Genova è rossoblù. Il Genoa stravince il derby e salva faccia e stagione contro una Sampdoria che sta chiudendo come peggio non poteva un campionato iniziato male e che sta finendo senza gloria e sorrisi, nonostante la salvezza matematica. Per Montella era una finale ma a prendersi gli applausi della Nord è solo Gasperini che indovina tutte le mosse e dà scacco matto in meno di mezzora al rivale per poi stritolarlo alla fine per 3-0. Quello che succede dopo l'1-2 del Grifone in avvio di gara è poco più che accademia per il Genoa e poco meno di un epilogo inglorioso per i cugini.

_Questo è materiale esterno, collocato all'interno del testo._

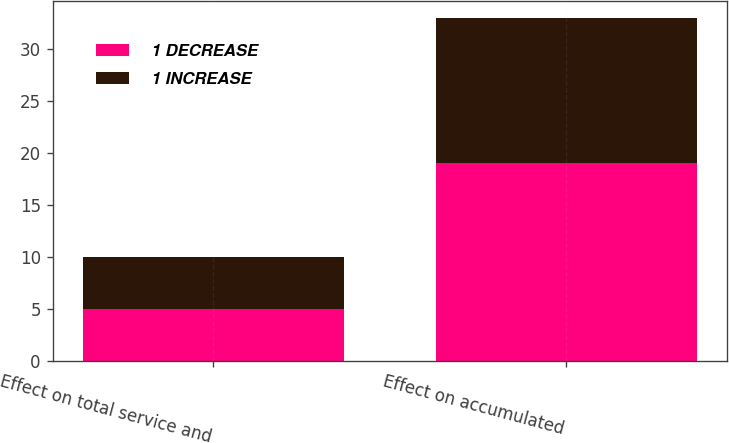<chart> <loc_0><loc_0><loc_500><loc_500><stacked_bar_chart><ecel><fcel>Effect on total service and<fcel>Effect on accumulated<nl><fcel>1 DECREASE<fcel>5<fcel>19<nl><fcel>1 INCREASE<fcel>5<fcel>14<nl></chart> 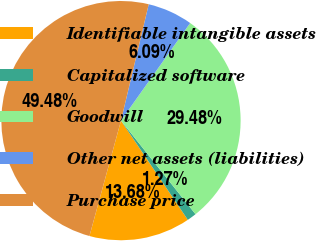Convert chart. <chart><loc_0><loc_0><loc_500><loc_500><pie_chart><fcel>Identifiable intangible assets<fcel>Capitalized software<fcel>Goodwill<fcel>Other net assets (liabilities)<fcel>Purchase price<nl><fcel>13.68%<fcel>1.27%<fcel>29.48%<fcel>6.09%<fcel>49.48%<nl></chart>

Samp inizialmente impaurita, dove Cassano e Quagliarella si cercano poco  con il bomber stabiese che si dà parecchio da fare ma senza risultati e FantAntonio che si fa vedere soprattutto per i tanti calcioni che prende, Genoa spavaldo che trova il cammino subito in discesa. Bastano tre minuti infatti a Pavoletti per sbloccare la stracittadina: pallone dentro l'area di Rigoni per il taglio di Ansaldi e sul suo cross basso e sporco interviene in anticipo Pavoletti che anticipa pure l'uscita di Viviano. La Samp fa fatica a reagire, il Genoa gioca sul velluto e dopo aver sfiorato il raddoppio ancora con Pavoletti, tra i più vivaci in campo, trova il gol del 2-0 al 26' con Suso che prende palla sulla destra, si accentra e dal limite dell'area cerca e trova il mancino che si infila all'angolino. La Samp si vede di fatto solo con un tentativo di Soriano nel primo tempo e dà il meglio di sé solo nella ripresa.

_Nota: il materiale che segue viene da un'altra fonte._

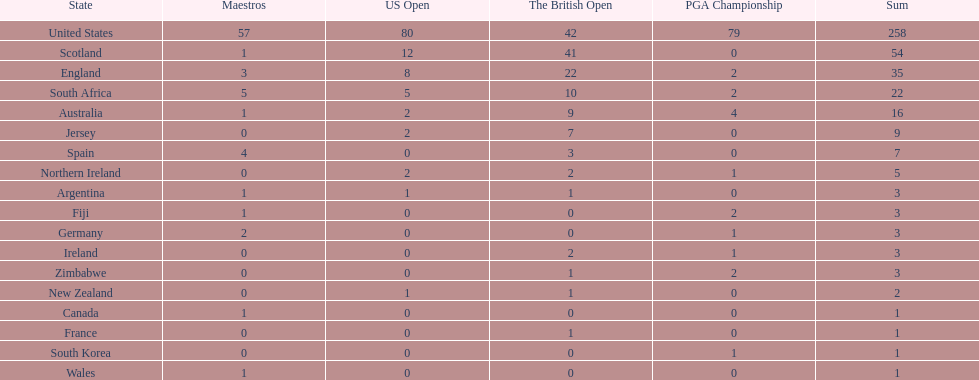In this table, which african country possesses the smallest number of champion golfers? Zimbabwe. I'm looking to parse the entire table for insights. Could you assist me with that? {'header': ['State', 'Maestros', 'US Open', 'The British Open', 'PGA Championship', 'Sum'], 'rows': [['United States', '57', '80', '42', '79', '258'], ['Scotland', '1', '12', '41', '0', '54'], ['England', '3', '8', '22', '2', '35'], ['South Africa', '5', '5', '10', '2', '22'], ['Australia', '1', '2', '9', '4', '16'], ['Jersey', '0', '2', '7', '0', '9'], ['Spain', '4', '0', '3', '0', '7'], ['Northern Ireland', '0', '2', '2', '1', '5'], ['Argentina', '1', '1', '1', '0', '3'], ['Fiji', '1', '0', '0', '2', '3'], ['Germany', '2', '0', '0', '1', '3'], ['Ireland', '0', '0', '2', '1', '3'], ['Zimbabwe', '0', '0', '1', '2', '3'], ['New Zealand', '0', '1', '1', '0', '2'], ['Canada', '1', '0', '0', '0', '1'], ['France', '0', '0', '1', '0', '1'], ['South Korea', '0', '0', '0', '1', '1'], ['Wales', '1', '0', '0', '0', '1']]}

A frustrarne i tentativi di rimonta una prodezza di Lamanna che dopo 8' si oppone a Quagliarella, cercato e trovato magistralmente a centro-area da Cassano. La gara si incattivisce e fioccano i cartellini gialli: più calci che calcio in campo con pochissime emozioni fino a quando al 28' Suso non mette il sigillo definitivo alla gara. Lo spagnolo, dopo un tentativo di Laxalt rintuzzato da Viviano, riceve da Pavoletti e fa esplodere la gradinata Nord, affossando del tutto una Samp irriconoscibile che si fa vedere solo con una traversa di Fernando.